Kristiyan Koev (Maestro Kristiyan Koev; Bulgarian: Кристиян Коев; 1 July 1970) is a Bulgarian flutist. Maestro Koev is also known as "Kristiyan Koev – The Golden Flute".

He was born in Sofia in a family of flutists. Both his parents are world-famous flutists-Nikolay Koev and Rositza Ivanova. His father is flutist and member of the Eolina quartet-the only one of its kind .His mother is the only flutist in the world who made a record of Leo Brouwer concert..
Kristiyan Koev spent his childhood in Havana, Cuba. His stepfather was Manuel Duchesne Cuzán  – professor at Alejandro García Caturla Conservatoire, General Director of the National Symphonic Orchestra of Cuba, Chief of the Musical Department of Symphonic Music from the Management Music at the Ministry of Culture, also head of the staff of Orchestral Direction at the Superior Institute of Art (ISA).

Education
He enrolled at the school of music “Liubomir Pipkov”, Sofia to study flute. After graduating from the music school he started music lessons in Paris, France, with the famous flutist Aurèle Nicolet.
In 1989 was admitted in the National Music Academy “Prof. Pancho Vladigerov”, Sofia. The same period was invited by Prof. Severino Gazzelloni to proceed his music education at the most prestigious music academy in the world – Accademia Nazionale di Santa Cecilia, free of charge and at the same time as a scholarship student at Arts Academy, Rome. A year and a half lived in "Boris Hristov" Foundation in Rome.

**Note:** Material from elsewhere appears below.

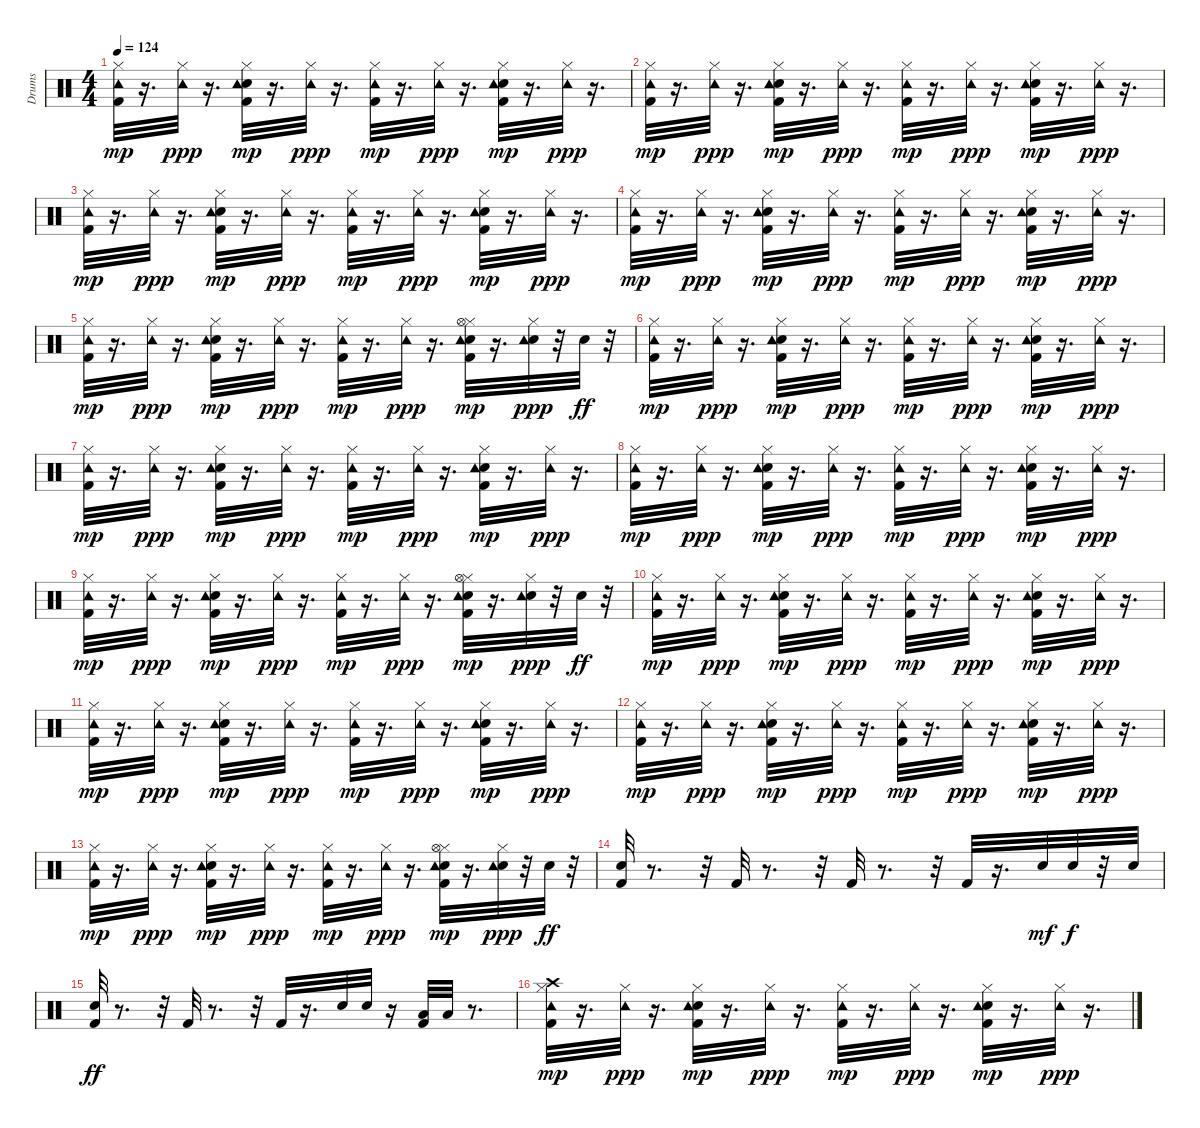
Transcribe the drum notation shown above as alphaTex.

During his time as a student at Santa Cecilia, Kristian Koev studied with Dante Milozi – The First Flute in the Rome Radio Orchestra. His ambition was so strong that instead of seven he graduated the Music Academy in four years.

Awards
 First Prize: The National Contest for young instrumentalists “Targovishte”-Bulgaria
 First Prize: The National Contest “Provadia”-Bulgaria
 First Prize and the title Laureate: The International Contest “Spring in Prague”, Italy
 First Prize: Contest of the Rich People for young talents, Milan, Italy
 Honorary Diploma from the Music Forum Tempora Festival
 Honorary Diploma from the Festival Internacional Cervantino
 Honorary Diploma from the Festival Delle Tre Ciminiere
 Honorary Diploma from The Sanremo Music Festival (Festival della canzone italiana)
 Honorary Diploma from the Festival Sofia Music Meeting Italy – Bulgaria – South Korea

The Golden Flute

His Flute was made of real gold – there are just a few such, they are usually made of silver. The unique instrument was made of 14-carat gold, especially for him, in the Japanese factory Miyazawa Flutes. The instrument is golden literally and figuratively. It has become a constant companion to the musician and often completes his name on the posters. "The Golden Flute" name Kristiyan Koev inherited from his teacher, the Italian soloist, Prof. Severino Gazzelloni.

Career
The experts rank Kristiyan Koev among the six best classic flutists in the world.
At the age of 35, Koev has more than 960 concerts performed in the world theaters. He has played with conductors such as Leonard – one of the highest paid conductors in the world, Zubin Meta – the conductor of the three great tenors, Enrique Bátiz Campbell – of the Mexican Philharmonic orchestra, Nanut – of the Taranto Philharmonic orchestra (Italy), Francesco La Vecchia- of the Roman philharmonic orchestra, Patrick Galua – the greatest flutist in the world, Dante Milozzi – the first flute of the Roman radio, Jesus Medina-one of Mexico’s outstanding conductors and music director of The UANL Symphony Orchestra in Monterrey, Mexico, Maestro Eduardo Alvarez – founder of the Music School of the Americana University of Acapulco and Music Director of the Symphony Orchestra of the Autonomous University of the State of Hidalgo, Mexico.
As a soloist Maestro Kristian Koev is an honoured guest of world-famous symphonic orchestras:
“Santa Cecilia”, “Regionale Lazio”, “La internazionale” (Rome), “San Remo”, “Аutonoma Siciliana”(Palermo), “Delle Ciminiere" (Catania), “Como”, ”Soceta de i concerti”(Milano), “Solisti Veneti" (Venecia), "Metropolitan", "Caschais", "Opera"(Lisabon), "Recionale" (Porto), "Statale”(Madeira), The Bellas Artes Chamber Orchestra of Mexico city , Palacio de Bellas Artes, and many others.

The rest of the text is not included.